Con motivo de la biografía que recientemente le escribió un coterráneo, debo ocuparme de Adolfo Pacheco consciente de estar metiéndome a una vida llena de melodías por donde se le mire. Circunstancia que de no haber sido por el accidente que nos privó de seguir conviviendo con él, su canto se hubiera extendido más allá de la probable despedida con la concurrencia de su expresión alegre, espontánea y abrazadora hasta que los llamados de la naturaleza hicieran lo suyo. Y todo porque quien se deja arropar del impacto del medio que le dispara la imaginación y la sensibilidad, y le arranca los mejores sentimientos, ya sea echando mano al humor, a la anécdota, al amor por todo cuanto tuvo a su alcance, al desprendimiento por el necesitado, a la humildad sin afanes de atropellarla, a la naturalidad para usar el vocablo preciso y aleccionador, a la controversia edificante, al trato desprevenido, o ya trasmitiendo ese caudal humanístico y de conocimientos culturales y del folclor que cargaba sin que le pesaran, necesariamente va construyendo con tantos mensajes y actitudes enriquecedoras, un enfoque especial sobre la vida que los eruditos llaman filosofía.

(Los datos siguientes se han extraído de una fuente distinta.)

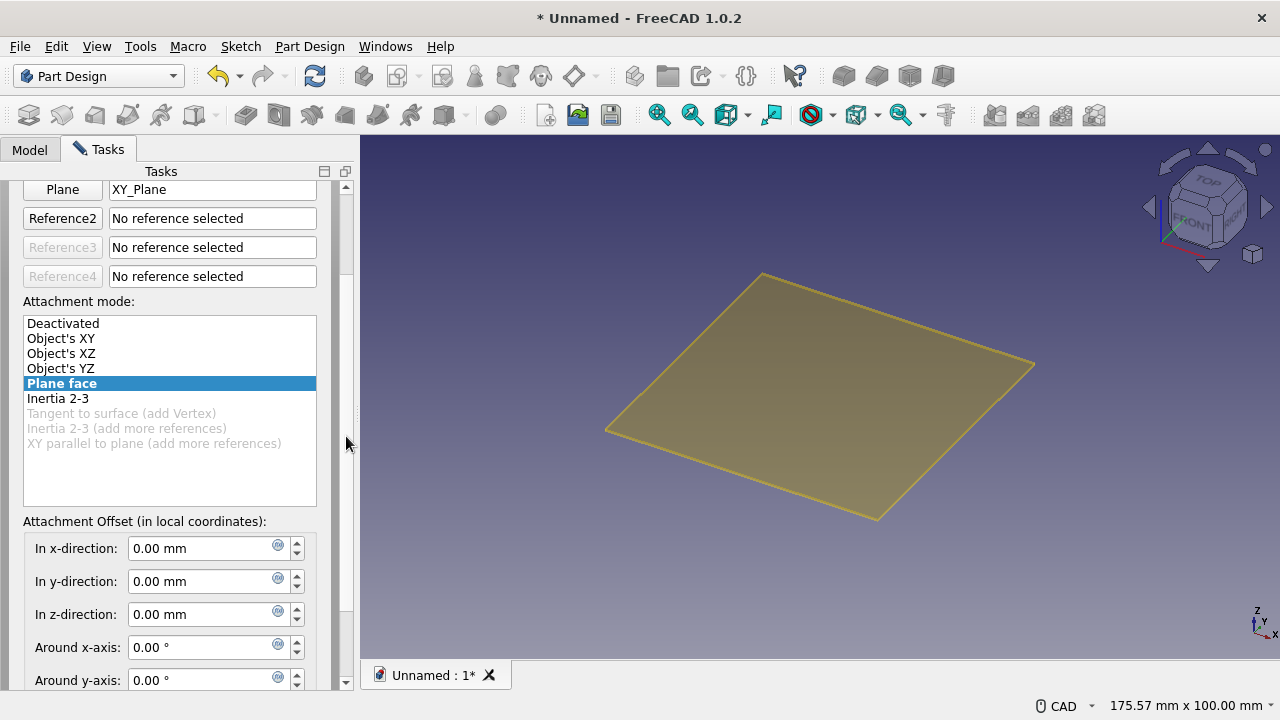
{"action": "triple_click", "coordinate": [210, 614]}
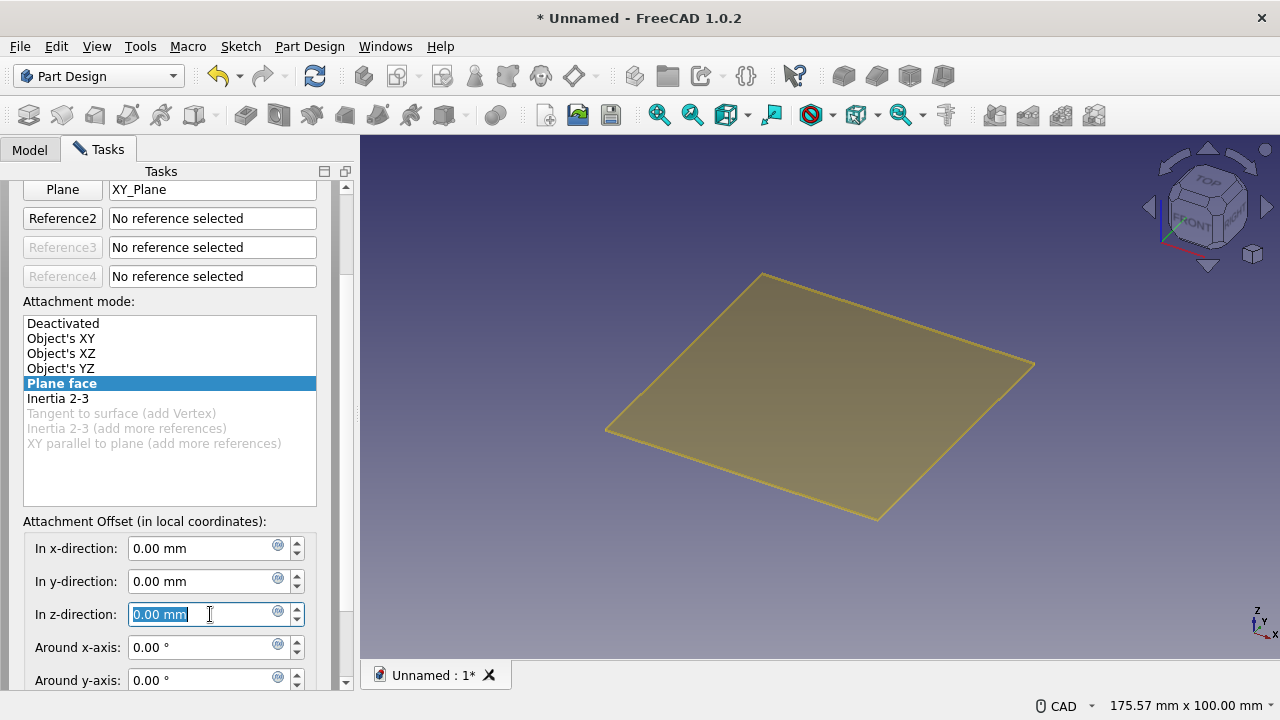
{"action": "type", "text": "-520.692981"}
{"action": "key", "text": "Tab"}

Obsérvese cómo en cada una de sus composiciones, además de asomarse el poeta, el verseador que conoce el oficio, no tanto lo desvela la estructura gramatical de las mismas, como el apelar a la palabra que deje una enseñanza, ya con la finura del buen decir, o la profundidad que agarre hasta el desprevenido que se deja llevar solo por la melodía que Adolfo usa como un recurso para pescarlo sin que se de cuenta que le está dejando impregnada una lección de vida para que continúe tarareandola hasta que se le fije como un tatuaje imposible de borrar.
Algo de esta percepción que tengo del "mochuelo cantor de Los Montes de María" como lo llamara el filósofo Numas Armando Gil, la puede uno recibir al leer el libro "Embrujo, la Leyenda de Adolfo Pacheco", que acaba de presentar en Sincelejo su autor sanjacintero Juan Carlos Diaz Martínez. Son datos biográficos que nos acercan a quien ya es una leyenda por aquello de capturar los acordes de sus composiciones cuando la inspiración se le atravesaba, haciéndonos ver que toda su existencia estuvo marcada por un canto con una particular sonoridad para enseñar, por ejemplo, cuando lo fue de maestro en la escuela de su pueblo, así como cuando se movía en escenarios más profanos como las galleras, ruidoso y complejo ambiente que, no obstante presentarse como un espectáculo, donde la muerte de un contenedor es inevitable, paradójicamente también es escenario de solidaridad y exaltación de la amistad , que Adolfo si supo cultivar sin esfuerzo alguno porque lo suyo estuvo marcado por el natural actuar de un hombre que no tenía libretos ni protocolos, lejos de arrogancias y grandezas que lo mantuvieran divorciado de sus vecinos, compinches y contertulios, ni se dejara untar de vanidades cuando compartía con las élites de la política, la literatura, el arte y los dueños del poder económico que se complacían con su talento, sin que afectarán para nada su humildad.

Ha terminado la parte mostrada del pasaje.